On 23 October 2012 11:22, Joolee <mailscanner at joolee.nl> wrote:

> Compare the e-mail the customer received (the source code, not the view)
> and the original archive file.
> You might post both versions to the mailing list after stripping personal
> information.
>
>
> On 23 October 2012 11:21, Budi Febrianto <bfebrian.milis at gmail.com> wrote:
>
>> Dear all,
>>
>> I have the archive file that user received it as blank email.

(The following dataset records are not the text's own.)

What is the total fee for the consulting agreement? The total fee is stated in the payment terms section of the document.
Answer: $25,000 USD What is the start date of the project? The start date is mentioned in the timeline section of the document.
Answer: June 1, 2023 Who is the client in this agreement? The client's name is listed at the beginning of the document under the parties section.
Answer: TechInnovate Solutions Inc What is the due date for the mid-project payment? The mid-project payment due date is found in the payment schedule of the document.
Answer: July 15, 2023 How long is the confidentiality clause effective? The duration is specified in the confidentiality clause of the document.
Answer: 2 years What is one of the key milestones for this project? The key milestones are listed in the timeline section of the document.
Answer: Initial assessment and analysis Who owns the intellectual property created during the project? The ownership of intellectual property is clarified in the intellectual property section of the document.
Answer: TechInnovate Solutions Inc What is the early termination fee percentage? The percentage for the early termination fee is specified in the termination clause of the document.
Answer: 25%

>> Is there anything that I can do with it? test it? debug?
>>
>> Best Regards
>>
>>
>> On Thu, Oct 11, 2012 at 10:25 AM, Budi Febrianto <
>> bfebrian.milis at gmail.com> wrote:
>>
>>> Dear Martin,
>>>
>>> Already activated the archive facility.
>>> How to proper way to inject and debug mailscanner/sendmail?
>>>
>>> This is what I did, and maybe I did it wrong.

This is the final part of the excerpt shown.